Russland als Teil des Problems und der Lösung

Offenkundig gibt es zur Zeit nur Russland, das eigene Interessen nicht nur verfolgt, sondern auch durchsetzt, was General Hodges zu dem zwiespältigen Satz veranlasst: „Wir brauchen Russland als Teil der Lösung.“ Dass Russland auch ein Teil des Problems ist, scheint allen ohnehin bewusst. Dietmar Bartsch, der Fraktionsvorsitzende der Linken im Bundestag, sieht Kompensationsgelüste am Werk und betrachtet das russische Engagement als Antwort auf eine Bemerkung des amerikanischen Präsidenten Barack Obama, der Russland als Regionalmacht bezeichnet hatte.
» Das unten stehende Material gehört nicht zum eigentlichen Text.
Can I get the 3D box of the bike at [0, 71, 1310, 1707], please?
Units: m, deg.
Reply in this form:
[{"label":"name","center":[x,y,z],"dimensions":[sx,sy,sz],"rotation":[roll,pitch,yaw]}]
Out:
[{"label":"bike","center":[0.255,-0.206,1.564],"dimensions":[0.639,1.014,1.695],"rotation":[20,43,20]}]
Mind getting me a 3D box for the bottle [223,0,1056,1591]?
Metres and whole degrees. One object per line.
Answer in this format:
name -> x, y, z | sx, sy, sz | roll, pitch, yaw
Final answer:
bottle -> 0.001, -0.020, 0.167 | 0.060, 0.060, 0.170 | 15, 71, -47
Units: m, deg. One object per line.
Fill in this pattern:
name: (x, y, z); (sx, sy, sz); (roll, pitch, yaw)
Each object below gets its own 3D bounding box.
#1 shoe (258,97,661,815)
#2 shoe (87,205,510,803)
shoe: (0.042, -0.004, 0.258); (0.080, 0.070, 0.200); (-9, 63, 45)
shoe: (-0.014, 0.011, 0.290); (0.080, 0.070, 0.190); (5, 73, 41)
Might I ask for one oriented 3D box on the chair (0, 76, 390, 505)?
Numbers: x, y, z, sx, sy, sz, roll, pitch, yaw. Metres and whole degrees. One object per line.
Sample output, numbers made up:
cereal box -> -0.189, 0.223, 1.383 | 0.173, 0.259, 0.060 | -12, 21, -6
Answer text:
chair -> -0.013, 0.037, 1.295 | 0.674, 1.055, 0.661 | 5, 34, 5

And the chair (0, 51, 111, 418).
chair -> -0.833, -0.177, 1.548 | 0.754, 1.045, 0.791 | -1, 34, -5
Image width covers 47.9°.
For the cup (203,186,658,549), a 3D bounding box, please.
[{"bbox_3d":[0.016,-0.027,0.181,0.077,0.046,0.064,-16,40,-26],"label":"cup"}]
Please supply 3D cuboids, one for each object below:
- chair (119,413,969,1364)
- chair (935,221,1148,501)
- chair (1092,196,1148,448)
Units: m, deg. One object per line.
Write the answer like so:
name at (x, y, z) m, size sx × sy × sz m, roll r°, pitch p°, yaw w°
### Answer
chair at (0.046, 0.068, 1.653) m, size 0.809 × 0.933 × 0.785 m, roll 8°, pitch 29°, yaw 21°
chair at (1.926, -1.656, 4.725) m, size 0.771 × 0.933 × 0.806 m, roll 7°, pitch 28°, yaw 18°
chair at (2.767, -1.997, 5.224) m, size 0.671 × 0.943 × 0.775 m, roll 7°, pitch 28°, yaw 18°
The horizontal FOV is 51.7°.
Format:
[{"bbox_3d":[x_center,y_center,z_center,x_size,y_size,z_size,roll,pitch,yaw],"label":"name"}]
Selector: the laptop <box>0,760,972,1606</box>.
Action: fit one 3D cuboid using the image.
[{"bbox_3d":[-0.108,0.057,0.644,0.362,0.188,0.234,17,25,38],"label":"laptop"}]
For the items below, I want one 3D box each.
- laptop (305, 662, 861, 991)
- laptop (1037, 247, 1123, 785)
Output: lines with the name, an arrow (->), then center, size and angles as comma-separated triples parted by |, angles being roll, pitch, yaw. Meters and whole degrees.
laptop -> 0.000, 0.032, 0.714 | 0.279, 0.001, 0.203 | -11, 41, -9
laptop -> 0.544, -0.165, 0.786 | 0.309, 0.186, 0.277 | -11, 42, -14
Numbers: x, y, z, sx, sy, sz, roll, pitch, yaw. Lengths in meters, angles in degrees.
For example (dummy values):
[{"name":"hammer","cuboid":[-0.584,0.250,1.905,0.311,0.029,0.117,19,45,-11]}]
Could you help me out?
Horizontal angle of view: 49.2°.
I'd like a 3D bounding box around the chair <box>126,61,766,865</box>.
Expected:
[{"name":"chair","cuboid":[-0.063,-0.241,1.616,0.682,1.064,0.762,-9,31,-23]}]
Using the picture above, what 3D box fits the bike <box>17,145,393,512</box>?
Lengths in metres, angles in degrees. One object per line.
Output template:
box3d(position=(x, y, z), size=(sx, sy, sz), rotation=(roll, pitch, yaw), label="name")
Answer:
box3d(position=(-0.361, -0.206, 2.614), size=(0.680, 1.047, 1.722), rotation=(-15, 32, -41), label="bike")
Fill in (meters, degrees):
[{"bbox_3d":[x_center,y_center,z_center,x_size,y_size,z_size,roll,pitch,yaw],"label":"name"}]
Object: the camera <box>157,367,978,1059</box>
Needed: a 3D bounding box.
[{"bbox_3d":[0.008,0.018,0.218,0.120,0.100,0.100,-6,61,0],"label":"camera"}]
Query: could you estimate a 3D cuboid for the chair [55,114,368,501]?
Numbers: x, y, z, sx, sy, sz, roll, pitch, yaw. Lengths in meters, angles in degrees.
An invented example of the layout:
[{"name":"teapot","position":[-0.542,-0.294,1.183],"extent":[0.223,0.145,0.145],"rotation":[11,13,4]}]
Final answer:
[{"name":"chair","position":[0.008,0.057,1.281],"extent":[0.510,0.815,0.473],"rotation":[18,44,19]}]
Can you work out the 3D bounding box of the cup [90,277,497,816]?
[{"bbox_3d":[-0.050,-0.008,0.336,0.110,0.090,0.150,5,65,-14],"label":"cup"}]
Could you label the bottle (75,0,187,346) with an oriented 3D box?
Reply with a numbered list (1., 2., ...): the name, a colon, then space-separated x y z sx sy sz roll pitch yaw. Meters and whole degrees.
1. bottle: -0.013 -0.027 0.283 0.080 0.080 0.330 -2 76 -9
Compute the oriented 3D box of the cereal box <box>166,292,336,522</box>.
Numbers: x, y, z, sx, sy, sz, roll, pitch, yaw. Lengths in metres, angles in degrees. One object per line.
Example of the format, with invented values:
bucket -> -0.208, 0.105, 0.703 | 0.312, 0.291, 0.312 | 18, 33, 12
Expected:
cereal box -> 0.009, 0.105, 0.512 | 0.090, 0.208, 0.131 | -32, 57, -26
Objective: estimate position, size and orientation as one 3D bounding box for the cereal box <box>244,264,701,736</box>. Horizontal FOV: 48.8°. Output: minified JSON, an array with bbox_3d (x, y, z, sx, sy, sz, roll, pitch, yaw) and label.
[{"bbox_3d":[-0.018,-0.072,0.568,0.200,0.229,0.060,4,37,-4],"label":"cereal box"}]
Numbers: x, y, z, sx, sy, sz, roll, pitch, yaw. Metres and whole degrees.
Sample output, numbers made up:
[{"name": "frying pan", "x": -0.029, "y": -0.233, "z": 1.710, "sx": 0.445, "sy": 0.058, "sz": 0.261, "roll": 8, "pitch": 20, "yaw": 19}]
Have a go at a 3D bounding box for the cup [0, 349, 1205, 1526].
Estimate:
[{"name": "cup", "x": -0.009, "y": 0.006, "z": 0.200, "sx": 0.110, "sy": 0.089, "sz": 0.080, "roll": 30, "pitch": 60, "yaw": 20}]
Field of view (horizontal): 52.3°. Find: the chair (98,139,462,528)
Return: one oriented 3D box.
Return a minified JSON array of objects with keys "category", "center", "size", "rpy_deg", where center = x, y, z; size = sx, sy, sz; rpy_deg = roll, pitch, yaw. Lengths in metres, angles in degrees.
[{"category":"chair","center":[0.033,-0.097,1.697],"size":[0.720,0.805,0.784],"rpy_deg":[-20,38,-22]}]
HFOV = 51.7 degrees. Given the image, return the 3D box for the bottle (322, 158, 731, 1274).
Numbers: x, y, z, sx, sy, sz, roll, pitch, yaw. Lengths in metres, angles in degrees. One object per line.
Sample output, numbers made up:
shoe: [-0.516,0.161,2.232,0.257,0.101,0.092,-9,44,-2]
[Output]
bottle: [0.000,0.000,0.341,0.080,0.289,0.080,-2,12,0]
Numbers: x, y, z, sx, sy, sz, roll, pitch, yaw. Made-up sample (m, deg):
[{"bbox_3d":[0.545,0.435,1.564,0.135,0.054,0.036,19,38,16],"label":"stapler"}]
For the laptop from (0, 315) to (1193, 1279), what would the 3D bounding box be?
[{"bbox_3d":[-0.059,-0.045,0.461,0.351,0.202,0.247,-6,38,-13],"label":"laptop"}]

Fred Kempe, der Think-Tank-Mann, bemängelt, dass die amerikanische Zurückhaltung in Syrien zu einem Machtvakuum geführt habe, das andere inzwischen füllten. Eine sehr zurückhaltende Würdigung der Roten-Linie-Politik Barack Obamas, der um keinen Preis im letzten Jahr seiner Amtszeit einen großen Krieg führen will.

Zu viel und zu wenig Wahrheit

Taz-Autor Andreas Zumach ist zu gut informiert, aber auch so ungeduldig, als verfolgte er ein eigenes Verhandlungsmandat, vermutlich im Namen der Wahrheit, von der es in diesem Konflikt zu viel und zu wenig zugleich gibt. Die Zeichen seien früh, aber folgenlos zu erkennen gewesen. Frau von der Leyen zieht eine Linie vom falsch zitierten Gedicht zur eigenen Politik: „Wir müssen uns kümmern!“ Nur worum? Mit welcher Aussicht auf Erfolg?

General Hodges ist der Empiriker in der Runde. Mit Interesse beobachtet er neuestes russisches Gerät im Einsatz, als wäre Syrien bloß eine Feldübung für einen größeren Einsatz. Gegen wen hat Russland seine modernste Luftabwehr nach Syrien gebracht? Doch nicht gegen fliegende Untertassen vom Mars! Die Neugier des Generals weicht der säuerlichen Einsicht, dass Russland Teil der Lösung werden müsse. Nur welcher?